# Recurring flaws that should be solved in first place



## JCnator (Sep 19, 2013)

Animal Crossing is one of Nintendo-owned franchises that were usually well-praised by many players in this forum, more notably Animal Crossing (GCN) and Animal Crossing: New Leaf. Unfortunately, there are recurring flaws that really need their attention for the future games to improve on it.



*Obstrusive interface*

Yes, Animal Crossing should improve the interface. Most of the time, they do their job, but I feel that in some cases, they're potentially hindering. This can be especially aggravating if you need some concentration, such as playing tours on the Island on Animal Crossing: New Leaf. The timer and stats HUDs are too big and distracting, which can hide certain things from far away with the rolling log display. Even dialog boxes are still appearing ad infinitum, constantly breaking the flow and wasting your precious seconds. Why can't they relegate them to the lower screen, let alone rework the interface for these situations?
Unlike ACWW, most of the gameplay happens on the upper screen. We normally expect to be able to use the inventory without interrupting your character, but they skipped this easy opportunity. Until they fix it, it will be possible to miss some bug just because you didn't swapped tools fast enough.

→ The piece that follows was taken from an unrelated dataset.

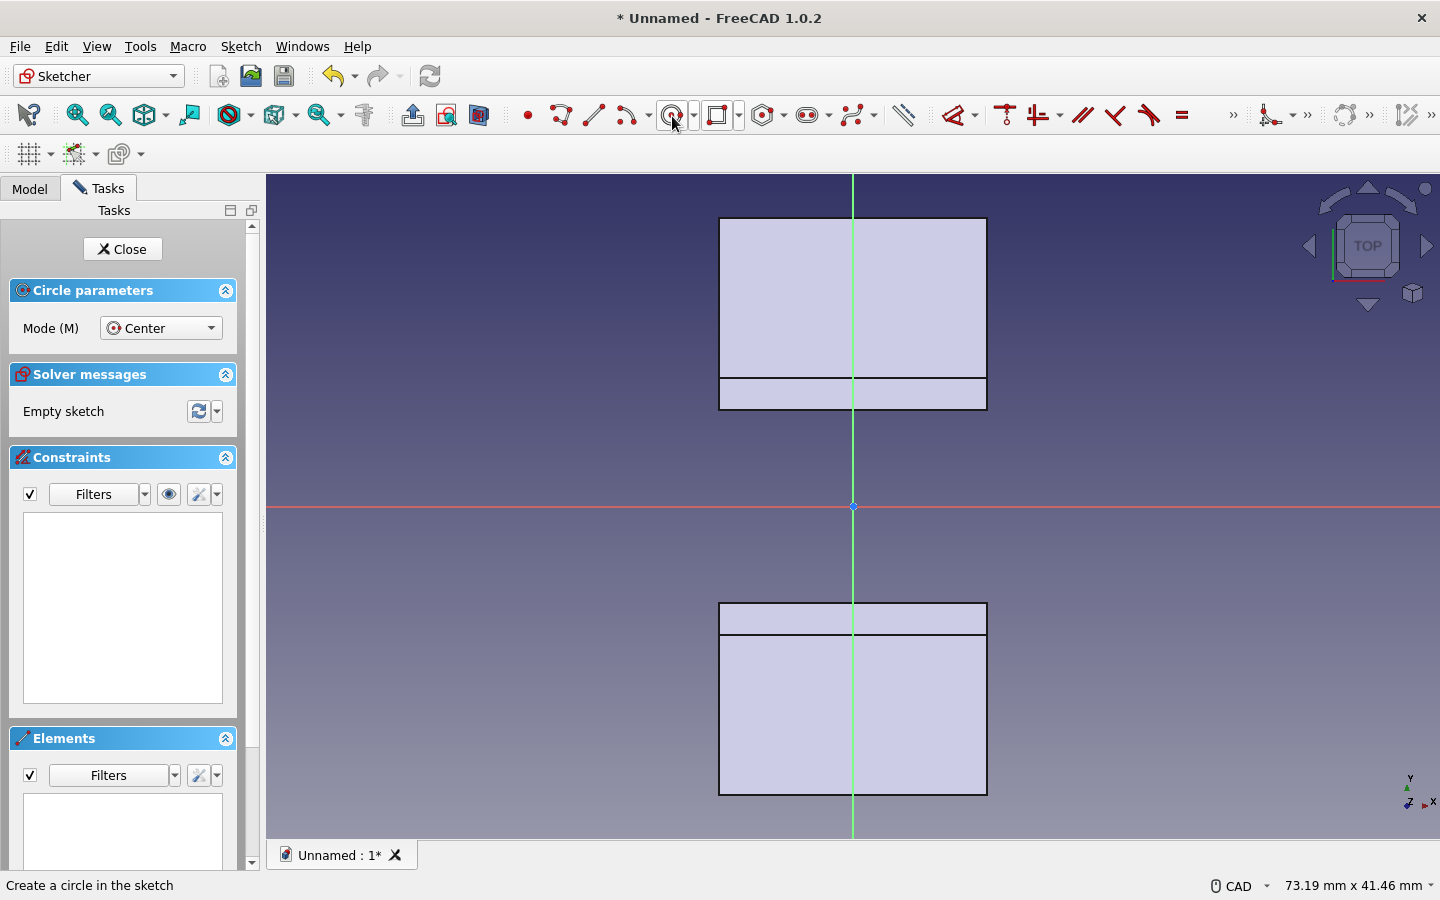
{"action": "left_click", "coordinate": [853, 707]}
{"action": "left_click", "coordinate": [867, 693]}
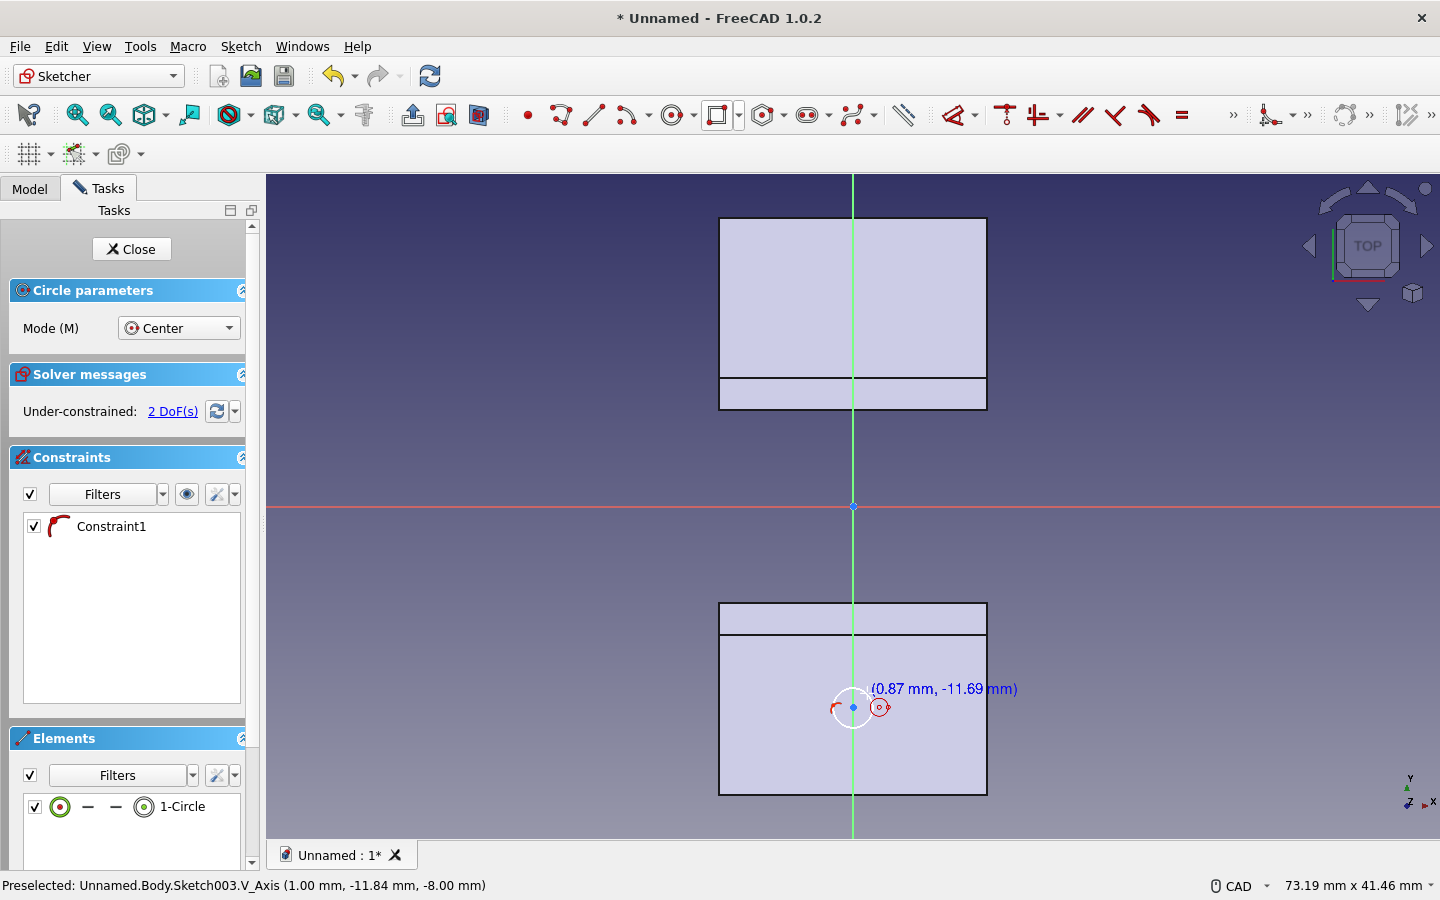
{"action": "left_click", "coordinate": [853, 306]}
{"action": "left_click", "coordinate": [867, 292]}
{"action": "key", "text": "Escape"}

*The "rolling log" effect and and top-down perspective camera*

If I was feeling a bit more mischievious, I could add a "t" next to "rolling". So, you just happen to miss the elusive tarantula as you were walking toward south. You claim that you didn't got enough time to react because it just appeared. Why is that happening? Well, because the camera is always fixed on a top-down perspective ? la Legend of Zelda, and your character is too close to the bottom of the screen. That gives you little to no reaction time whenever you walk down on any direction beside North. Chasing for certain bugs and fishes can be a nightmare when you often have to anticipate the area that is covered. Additionally, all buildings (including Public Works Projects) always had to face on south, and obstruct a part of the playground. Is it too much to ask for more control on camera? A first-person view would eliminate almost all of the problems specific to the top-down perspective. Or at least, let us turn the camera on every angle like ACNL did with the interiors.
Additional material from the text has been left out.